McCain’s measure states that U.S. personnel can’t engage in cruel, inhuman or degrading punishment, anywhere. There is still room for creative interpretations. (What exactly constitutes cruel, inhuman and degrading?) Still, the amendment may give CIA agents and other interrogators pause before engaging in things like waterboarding, a kind of mock drowning.

Then there was the other detainee-related amendment that passed along with McCain’s. Sponsored by Sens. Lindsey Graham, R-S.C., and Carl Levin, D-Mich., it restricts detainees’ access to courts and states that military tribunals can use testimony “obtained as a result of coercion.”
 
Consider those two amendments together: McCain’s amendment raises the costs for U.S. personnel who engage in anything approaching torture, while Graham’s amendment essentially invites testimony gained through torture.

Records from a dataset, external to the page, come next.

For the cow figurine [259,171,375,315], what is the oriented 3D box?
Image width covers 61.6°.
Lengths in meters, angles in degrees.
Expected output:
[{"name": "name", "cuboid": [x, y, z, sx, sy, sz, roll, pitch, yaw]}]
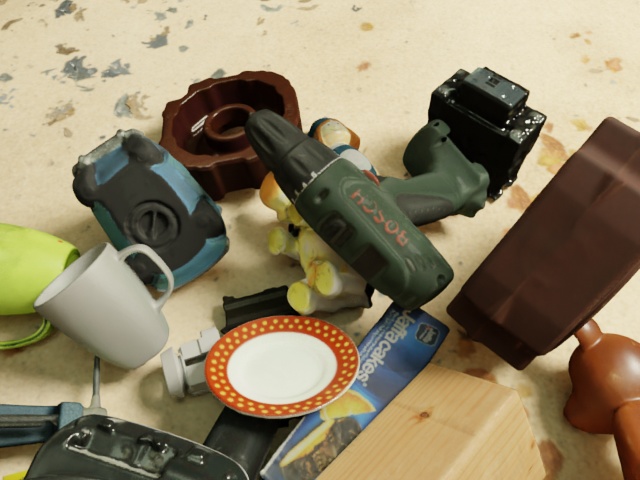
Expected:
[{"name": "cow figurine", "cuboid": [0.000, -0.004, 0.555, 0.098, 0.068, 0.167, 9, 47, -43]}]

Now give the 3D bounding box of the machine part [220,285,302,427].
[{"name": "machine part", "cuboid": [-0.049, 0.108, 0.511, 0.084, 0.039, 0.139, -7, 57, -10]}]

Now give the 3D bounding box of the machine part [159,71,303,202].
[{"name": "machine part", "cuboid": [-0.102, -0.127, 0.633, 0.179, 0.056, 0.179, -5, 53, 7]}]

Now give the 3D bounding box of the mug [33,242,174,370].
[{"name": "mug", "cuboid": [-0.182, 0.060, 0.497, 0.109, 0.107, 0.081, -37, 24, -4]}]

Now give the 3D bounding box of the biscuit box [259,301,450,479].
[{"name": "biscuit box", "cuboid": [0.035, 0.144, 0.473, 0.059, 0.062, 0.203, 33, 65, 18]}]

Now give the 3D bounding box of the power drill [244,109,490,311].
[{"name": "power drill", "cuboid": [0.064, -0.058, 0.521, 0.207, 0.086, 0.232, -25, 72, -47]}]

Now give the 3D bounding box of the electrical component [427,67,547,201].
[{"name": "electrical component", "cuboid": [0.176, -0.122, 0.593, 0.115, 0.134, 0.058, 36, 65, 22]}]

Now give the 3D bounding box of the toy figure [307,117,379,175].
[{"name": "toy figure", "cuboid": [0.026, -0.093, 0.624, 0.064, 0.058, 0.154, 8, 47, -41]}]

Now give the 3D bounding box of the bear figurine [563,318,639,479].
[{"name": "bear figurine", "cuboid": [0.246, 0.167, 0.441, 0.132, 0.120, 0.196, -46, 29, 20]}]

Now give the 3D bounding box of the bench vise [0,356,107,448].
[{"name": "bench vise", "cuboid": [-0.303, 0.149, 0.431, 0.240, 0.223, 0.129, 9, 59, -30]}]

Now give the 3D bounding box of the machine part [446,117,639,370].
[{"name": "machine part", "cuboid": [0.211, 0.003, 0.459, 0.087, 0.201, 0.201, 42, 112, 16]}]

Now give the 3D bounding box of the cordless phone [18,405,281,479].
[{"name": "cordless phone", "cuboid": [-0.110, 0.156, 0.389, 0.147, 0.088, 0.184, 13, 25, 10]}]

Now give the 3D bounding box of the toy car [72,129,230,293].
[{"name": "toy car", "cuboid": [-0.172, -0.033, 0.556, 0.109, 0.103, 0.161, -37, 106, -1]}]

The upshot is an incentive to ship tight-lipped suspects off to spend some time in foreign jails where special treatment could be given to get a prisoner talking.

The White House, of course, insists it never has nor ever will send detainees abroad to be tortured. "The United States,” as Secretary of State Condoleezza Rice has put it, “does not transport, and has not transported, detainees from one country to another for the purpose of interrogation using torture."

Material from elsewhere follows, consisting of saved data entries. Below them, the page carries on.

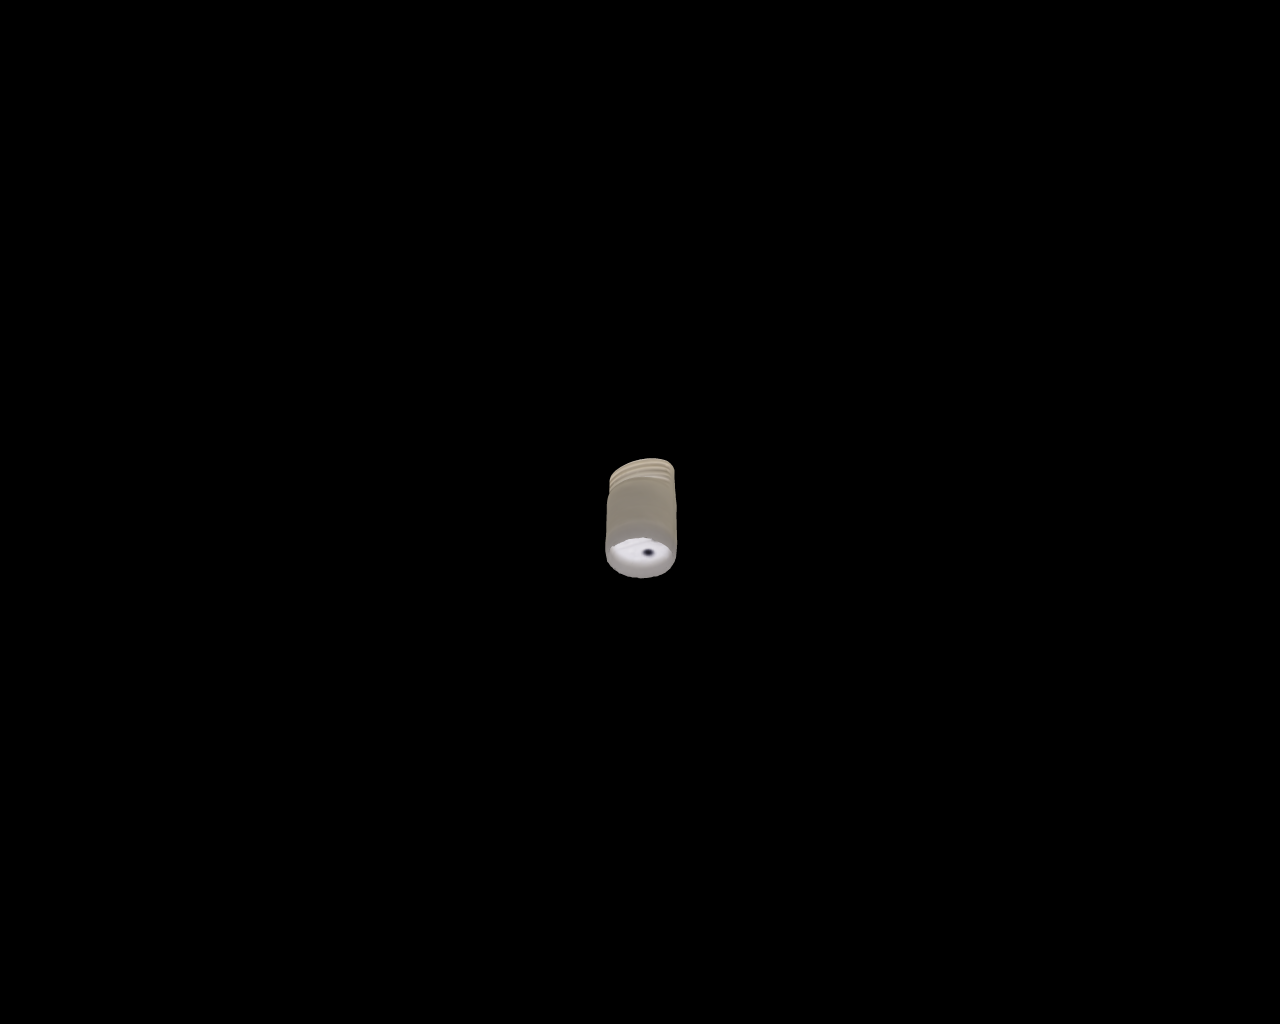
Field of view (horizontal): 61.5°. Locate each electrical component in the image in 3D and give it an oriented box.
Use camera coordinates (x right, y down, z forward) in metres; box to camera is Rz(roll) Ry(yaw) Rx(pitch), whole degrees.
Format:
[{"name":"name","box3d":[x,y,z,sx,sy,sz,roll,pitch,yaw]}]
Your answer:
[{"name":"electrical component","box3d":[0.001,-0.003,0.650,0.043,0.081,0.043,0,-40,0]}]

Whatever legal pirouette Rice might be performing there, the evidence suggests she is on less than solid ground.

One FBI memo, uncovered by Newsweek , discussed the military planning to send a Guantanamo Bay detainee to “Jordan, Egypt, or another third country to allow those countries to employ interrogation techniques that will enable them to obtain the requisite information.” The memo described the practice as a “violation of the U.S. Torture Statute."

“It's very convenient,” one of the CIA agents who helped set up the program during the Clinton administration told "60 Minutes." “It's finding someone else to do your dirty work.”

About 100 suspects in U.S. custody have reportedly been shipped to Egypt and elsewhere. “If you want a serious interrogation, you send a prisoner to Jordan,” former CIA officer Robert Baer told a British paper. “If you want them to be tortured, you send them to Syria. If you want someone to disappear—never to see them again—you send them to Egypt.”

The rendition loophole affects more than the most commonly understood version of rendering, in which the U.S. “snatches” a suspect and sends him off to a third country.  Given the mounds of bad PR about Guantanamo Bay, the U.S. has sent no new prisoners there in a year. Instead, it’s shipped nearly 200 Guantanamo prisoners back to their home countries. Some, as in the case of British detainees, have been released. But others appear to be entering what could be called proxy prisons.

Yemeni detainees, for example, have been sent back to their home country, where they’re now being held without charges. Yemeni officials have told Amnesty International the men are being kept in custody at the U.S.’s request. And according to The Washington Post , the U.S. is planning to help fund the prisons for Yemen. Whatever the U.S.’s intention, the Yemeni prisoners have told human rights officials of beatings and torture.

Initial drafts of McCain’s detainee amendment included language restricting rendering. But the references were removed during negotiations over the summer (as was language requiring all detainees in U.S. custody to be registered with the International Red Cross).

Still, there are bills in both the House and the Senate that would curtail rendering. The nearly identical measures, one authored by Rep. Edward Markey, D-Mass., and the other by Sen. Patrick Leahy, D-Vt., would require the State Department to compile a list of countries where prisoners face torture. Detainees in U.S. custody, then, could not be shipped off to those countries.

The bills’ chances look grim. Republican leadership in both House and Senate have blocked votes from taking place. And only six senators have signed on in support of the restrictions. But one thing we’ve learned from McCain’s anti-torture victory is that a single key senator can make all the difference. Sen. McCain has reportedly promised to support the anti-rendition amendment. Let’s hope he follows through.